I have been racking my brain around a current networking project that I need to complete in the next few weeks while meeting the objectives below:
Connect two different sub-nets (192.168.30.0/24 & 192.168.63.0/24) together at one of my locations to my Balance 380.
Create an IPsec tunnel to a remote site for the 192.168.63.0/24 network to utilize. (I know this can be done with an Outbound policy, setting one for the path to utilize the IPsec tunnel).
Isolate the IPsec tunnel from my network, only allowing access to the 192.168.63.0/24 network. The remote network already utilizes multiple sub-nets that I have currently deployed (and cannot change) and do not wish to grant additional access to my LANs.
I would like my sub-nets to have the ability to access the 63 network and vice-versa, but the IPsec tunnel traffic can only access the 63 network.
Any proposed network equipment for building B preferably needs to take native DC power (either 12V, 24V, 48V), the MAX-BR1-T is my current plan if a router is needed (cost effective), as there is already an extensive DC power system with battery backup in place.
I have attached two PDFs, one is the current physical network. The second (Thought1.pdf) is my current thought for network layout, but not sure on the configurations needed to best accomplish this project. Thanks for any input the community may have.
Not quite. Here a bit more clarification. I am using PepVPN to connect my Field Offices to the main office. The other agency and vendor that we would be connecting the 192.168.63…0/24 network only supports IPsec. I am trying to get the to deploy a PepVPN capable router to easier connect our two sites, but don;t see that being a feasible option currently.
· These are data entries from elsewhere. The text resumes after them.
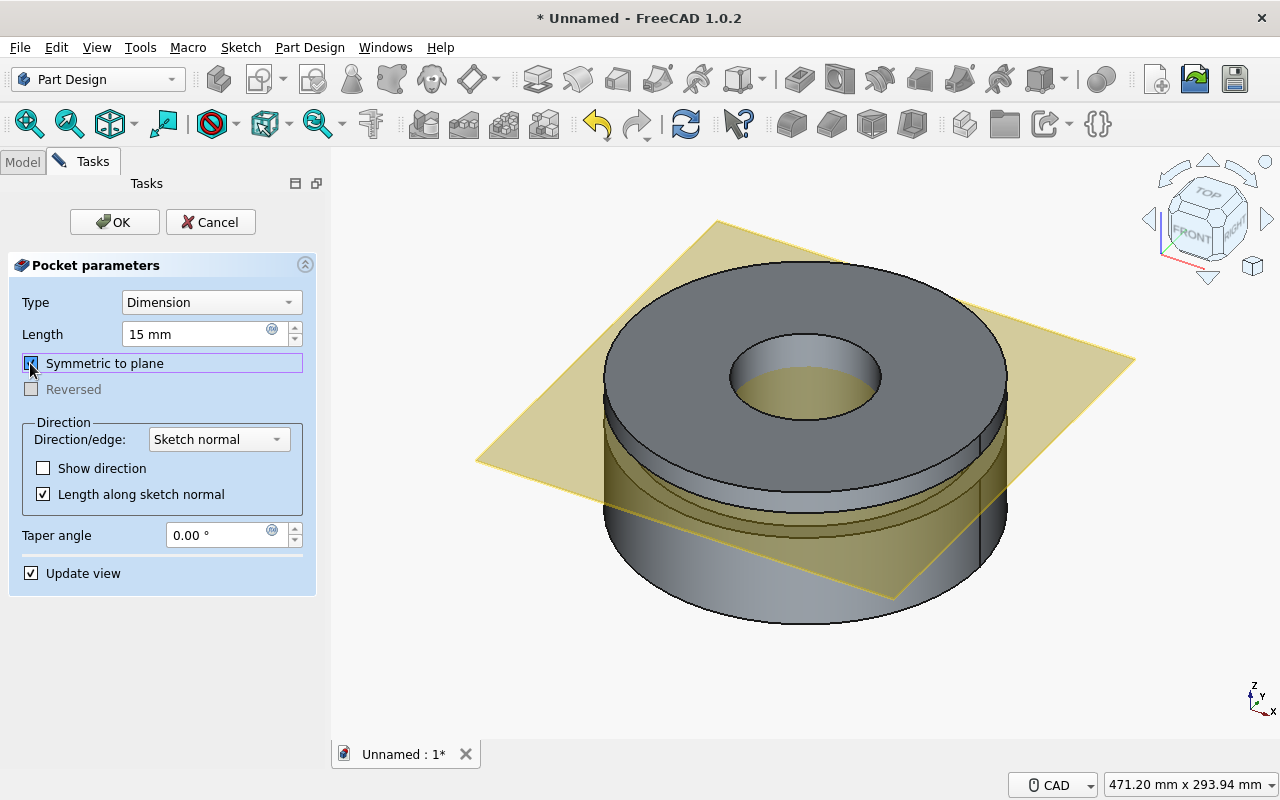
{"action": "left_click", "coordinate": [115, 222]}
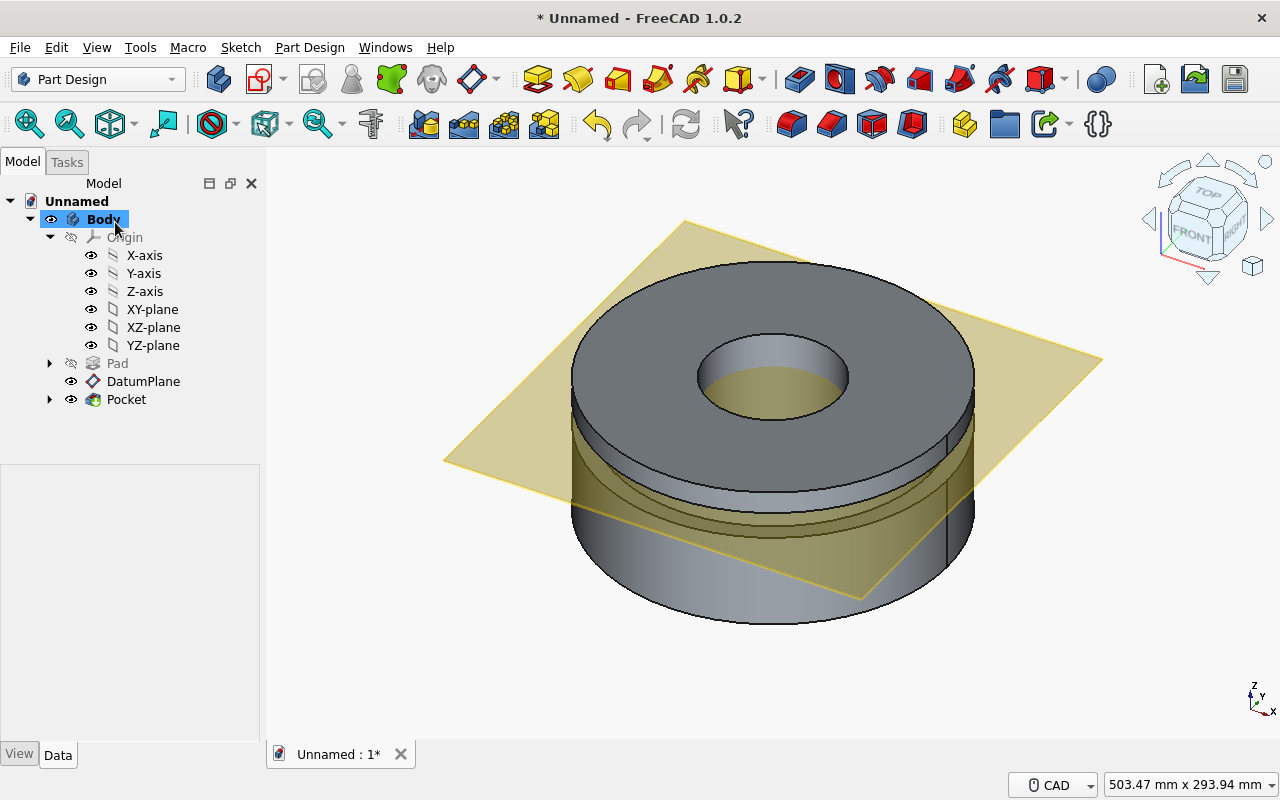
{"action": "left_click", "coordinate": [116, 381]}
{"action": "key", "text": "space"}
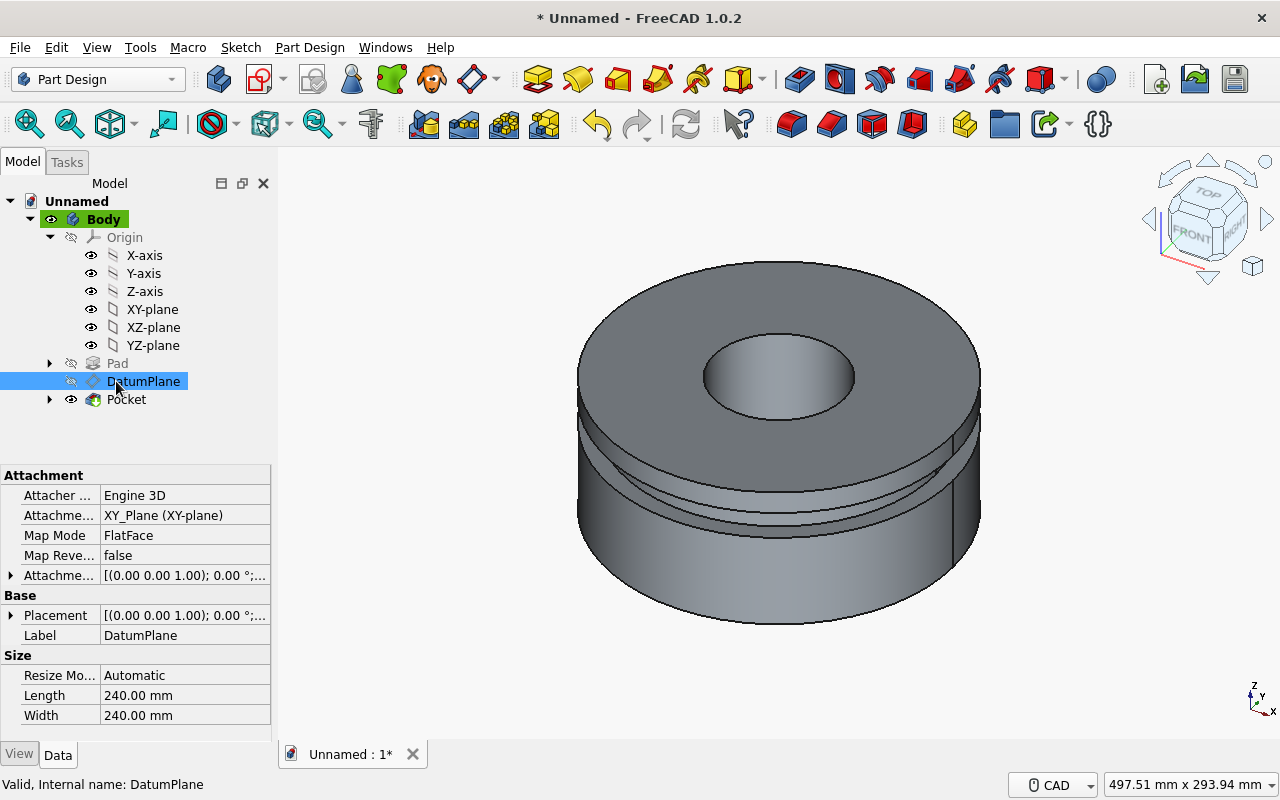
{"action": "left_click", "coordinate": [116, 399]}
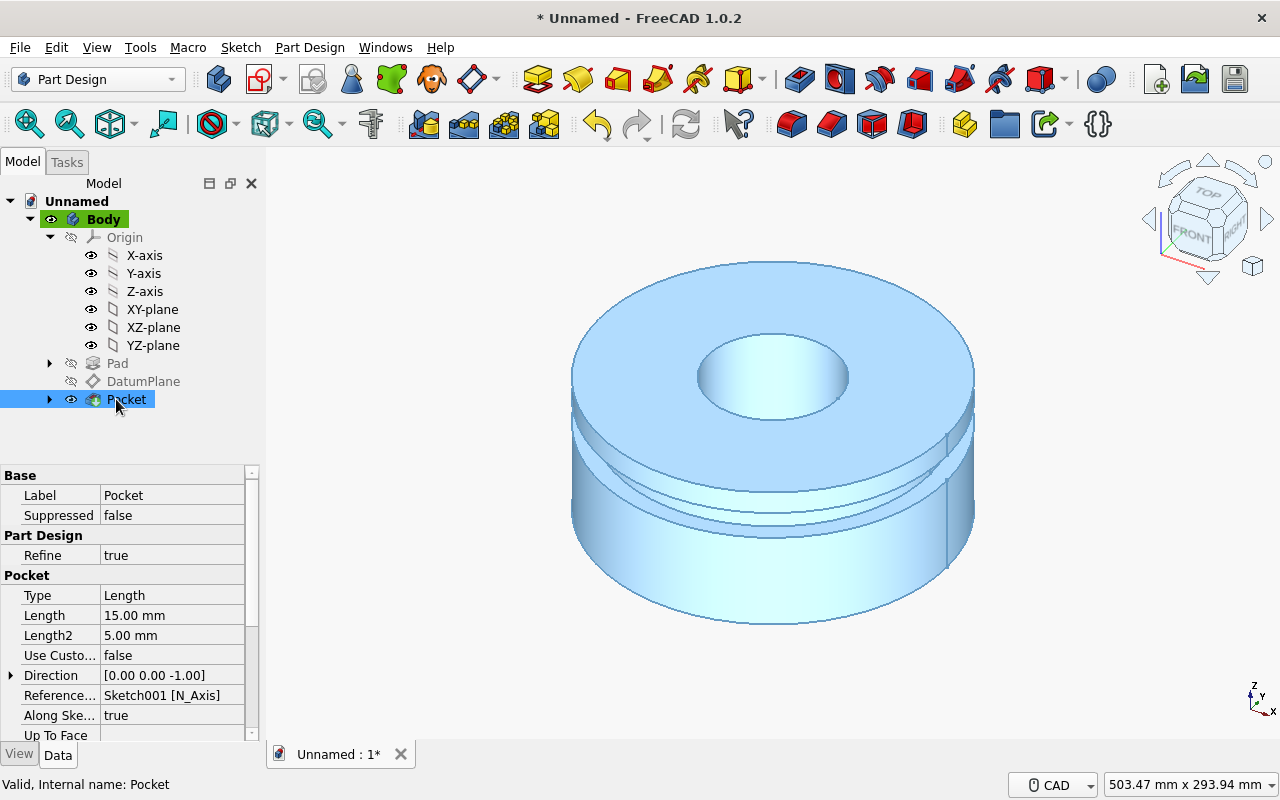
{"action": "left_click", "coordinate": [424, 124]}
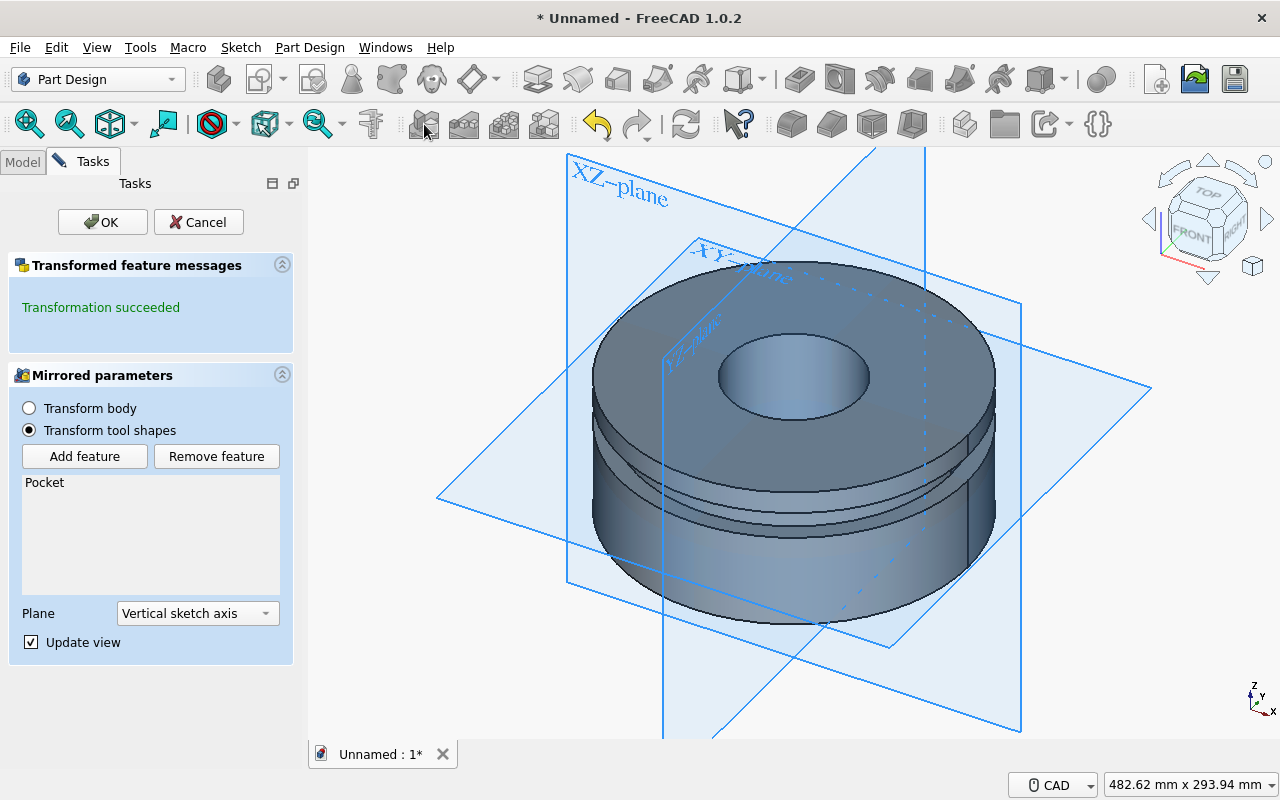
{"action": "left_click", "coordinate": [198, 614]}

If it is just a wireless bridge (not going over the internet?, is this just a repeater connecting building a to building b?) Then you would not need to create a VPN. You would just need to create a static route in the B380…I.E:
Network: 192.168.63.0 Subnet Mask: 255.255.255.0 Default Gateway: 192.168.30.2
Once created this will allow the B380 to see the 192.168.63.0 network and will be able to control it by firewall rules/outbound policies.
Question, with the static route you listed above, you had set the gateway to 192.168.30.2.
A) Does this infer that I need a router in building B with an assigned WAN ip of 192.168.30.2?
B) Or is the ip of 192.168.30.2 just used (internally) to route data between sub-nets so equipment with 192.168.63.0/24 address can be on the same physical LAN and communicate?
Configure BR1 WAN interface as IP Forwarding (if you are using BR1). Dashboard > Click “Details” of WAN > Click “?” of Routing Mode > Click “here” > Select IP Forwarding.
Add static route at B380. Network > LAN > Static Route Settings > Enter parameter below:-
Destination Network: 192.168.63.0
Subnet Mask: 255.255.255.0 (/24)
Gateway: 192.168.30.2
Typically, you would still need a layer 3 device. I.E. a switch or something that is adding this second network, in this case a switch or another layer 3 device will get a 192.168.30.x address from the main Balance (which will be the default gateway in the static route) and would NAT to 192.168.63.x address (network address in the static route settings).
Or if using VLANs you would just need a switch in building B that is capable of VLAN Tagging, as this would work as well. It ultimately depends on what equipment you currently have available in that building on which route to go or what device(s) you are planning on adding.
Thanks for the info. As far as hardware goes at this point in time, I could go either way, a managed switch (that support VLAN tagging) or I could implement a router. I’m just trying to figure out the best hardware combination to accomplish the objective.